**Exercise description**
Within the entries below, the lines from the one with "Document page, 1241x1754 pixels." through the one with "For every layout" are to be set down exactly, both ends kept.

**Provided data**
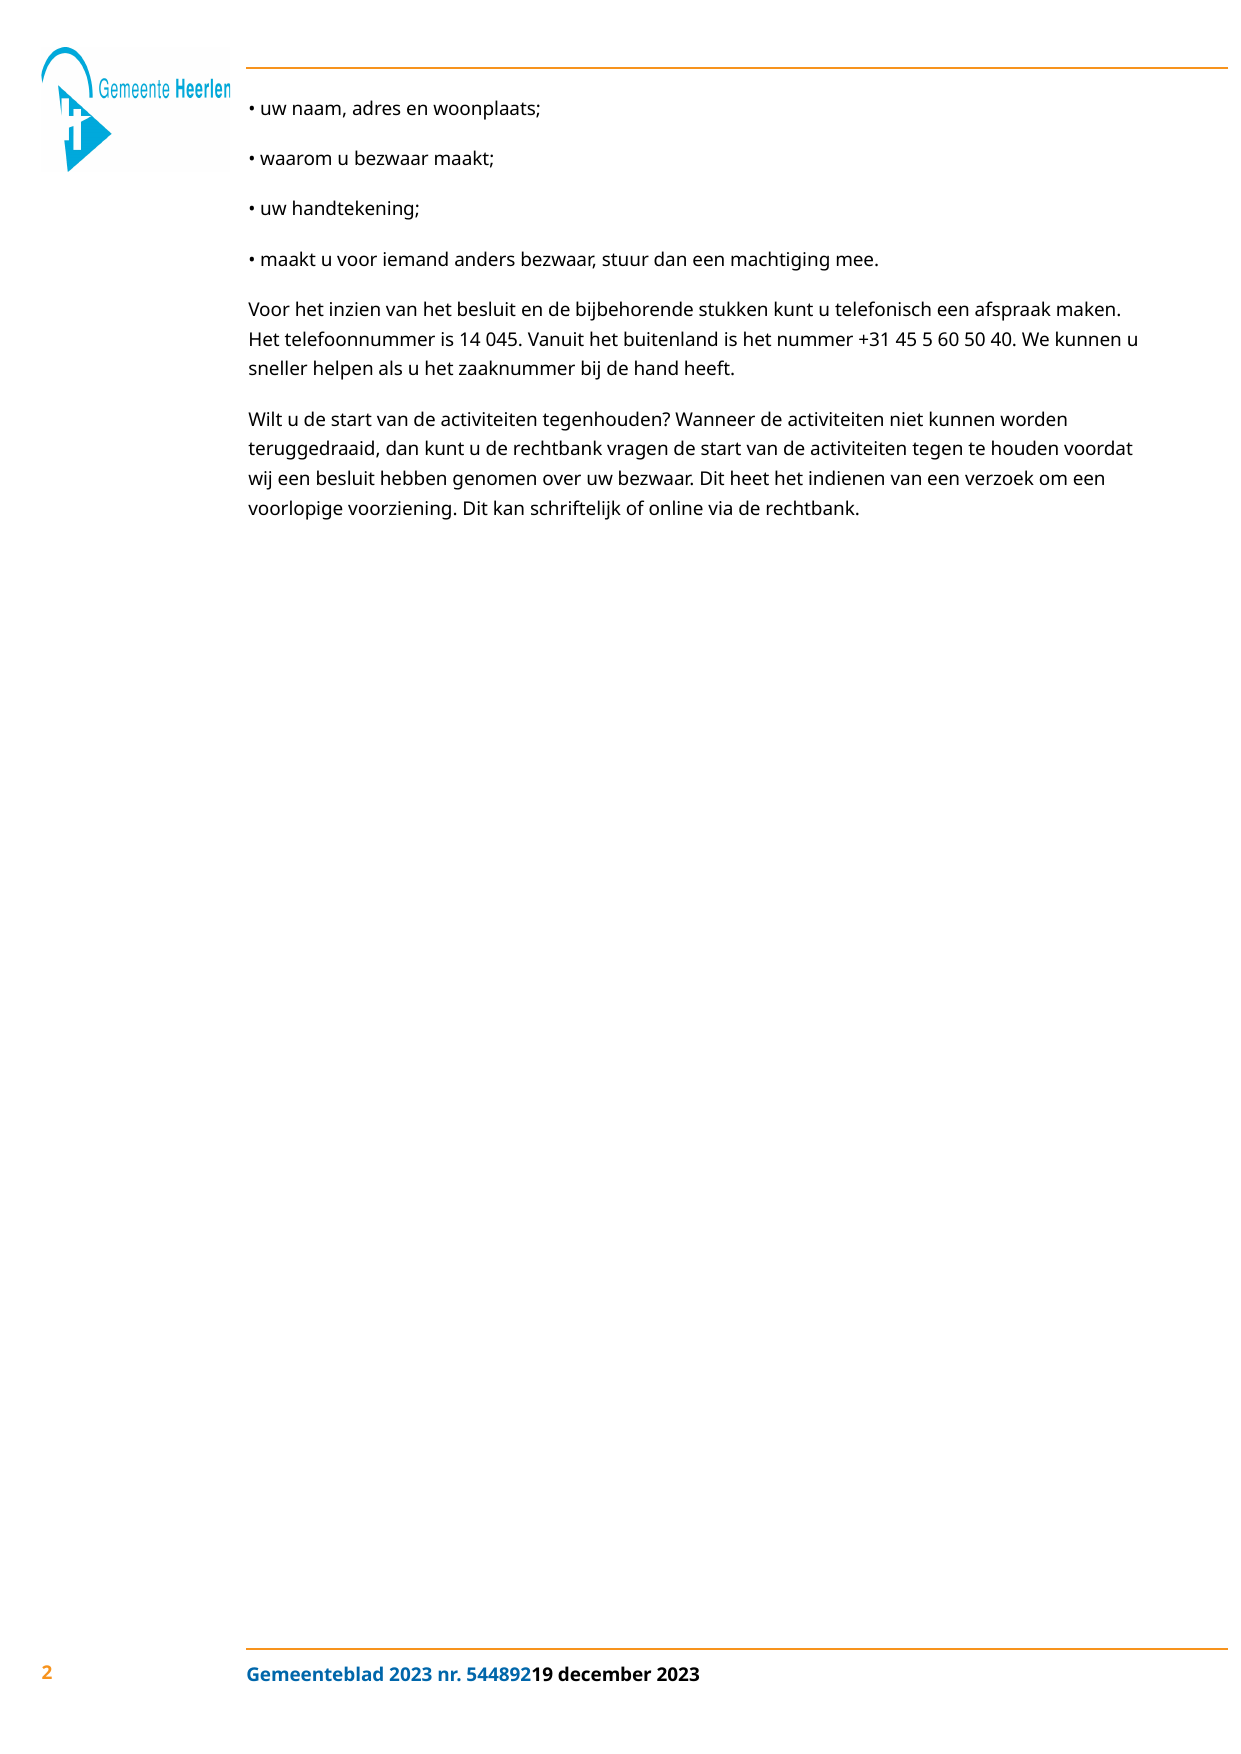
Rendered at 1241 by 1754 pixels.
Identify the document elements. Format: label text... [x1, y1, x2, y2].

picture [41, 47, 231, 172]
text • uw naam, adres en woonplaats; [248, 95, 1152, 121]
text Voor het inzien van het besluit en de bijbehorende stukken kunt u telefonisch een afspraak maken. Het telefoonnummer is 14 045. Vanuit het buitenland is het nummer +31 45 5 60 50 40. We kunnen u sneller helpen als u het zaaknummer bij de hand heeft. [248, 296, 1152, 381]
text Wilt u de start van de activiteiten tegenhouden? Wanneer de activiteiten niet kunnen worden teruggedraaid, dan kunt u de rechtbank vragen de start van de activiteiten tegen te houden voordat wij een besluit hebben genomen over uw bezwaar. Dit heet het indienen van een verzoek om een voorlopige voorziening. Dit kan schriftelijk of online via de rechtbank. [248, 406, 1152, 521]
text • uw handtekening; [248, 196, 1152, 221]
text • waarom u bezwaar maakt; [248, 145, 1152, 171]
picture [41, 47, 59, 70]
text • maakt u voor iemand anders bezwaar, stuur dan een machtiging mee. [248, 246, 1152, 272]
--
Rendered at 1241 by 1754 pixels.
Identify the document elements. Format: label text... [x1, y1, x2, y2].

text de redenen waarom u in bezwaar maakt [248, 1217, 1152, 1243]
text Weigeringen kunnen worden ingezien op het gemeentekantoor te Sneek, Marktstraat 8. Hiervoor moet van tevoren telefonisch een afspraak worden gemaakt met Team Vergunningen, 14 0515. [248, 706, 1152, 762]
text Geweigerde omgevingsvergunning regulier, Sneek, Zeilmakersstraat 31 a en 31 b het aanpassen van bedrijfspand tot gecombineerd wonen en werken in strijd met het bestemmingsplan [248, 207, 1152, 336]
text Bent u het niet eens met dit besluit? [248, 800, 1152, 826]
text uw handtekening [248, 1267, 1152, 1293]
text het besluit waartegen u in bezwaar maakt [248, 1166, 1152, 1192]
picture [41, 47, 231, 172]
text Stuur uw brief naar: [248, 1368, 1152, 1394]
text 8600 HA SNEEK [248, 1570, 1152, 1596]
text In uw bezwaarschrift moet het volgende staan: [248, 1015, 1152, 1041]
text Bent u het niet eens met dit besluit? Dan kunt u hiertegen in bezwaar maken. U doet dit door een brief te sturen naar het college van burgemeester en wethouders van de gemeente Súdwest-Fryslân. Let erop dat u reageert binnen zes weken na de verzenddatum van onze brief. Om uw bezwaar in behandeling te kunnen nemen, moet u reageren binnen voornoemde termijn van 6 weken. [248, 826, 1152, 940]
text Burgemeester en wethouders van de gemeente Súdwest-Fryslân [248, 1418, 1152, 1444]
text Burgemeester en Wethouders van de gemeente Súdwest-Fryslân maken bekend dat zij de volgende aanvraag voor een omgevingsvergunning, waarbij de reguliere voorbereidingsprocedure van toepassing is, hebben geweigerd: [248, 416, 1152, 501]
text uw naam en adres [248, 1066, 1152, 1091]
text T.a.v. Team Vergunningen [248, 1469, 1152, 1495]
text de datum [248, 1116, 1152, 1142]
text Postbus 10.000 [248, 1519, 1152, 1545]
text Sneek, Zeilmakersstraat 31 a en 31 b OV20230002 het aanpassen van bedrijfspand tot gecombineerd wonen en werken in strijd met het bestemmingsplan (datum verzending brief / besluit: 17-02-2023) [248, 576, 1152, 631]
* * *
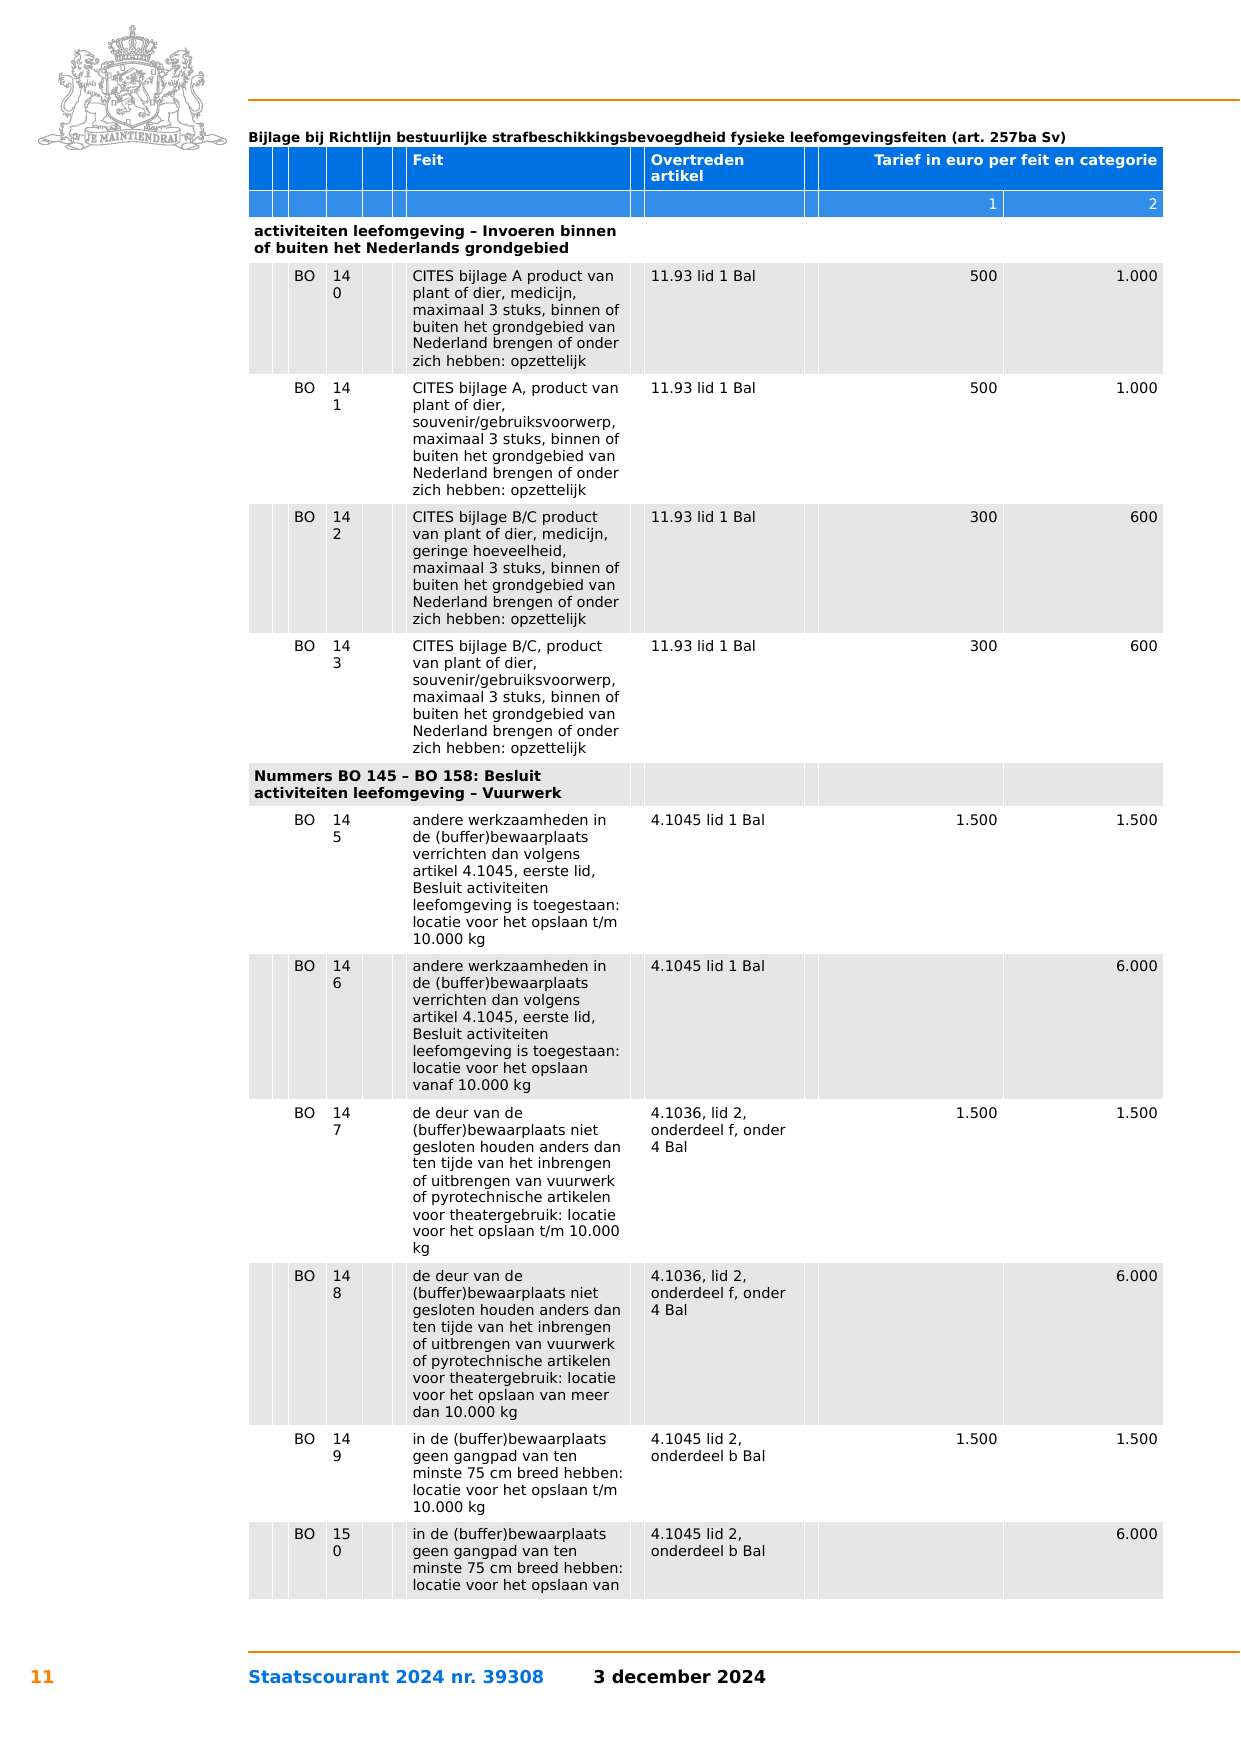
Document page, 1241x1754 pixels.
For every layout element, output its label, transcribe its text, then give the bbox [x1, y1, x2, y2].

**Solution to the problem**
Document page, 1241x1754 pixels.
For every layout element, output its label, transcribe its text, then give the bbox [x1, y1, x2, y2].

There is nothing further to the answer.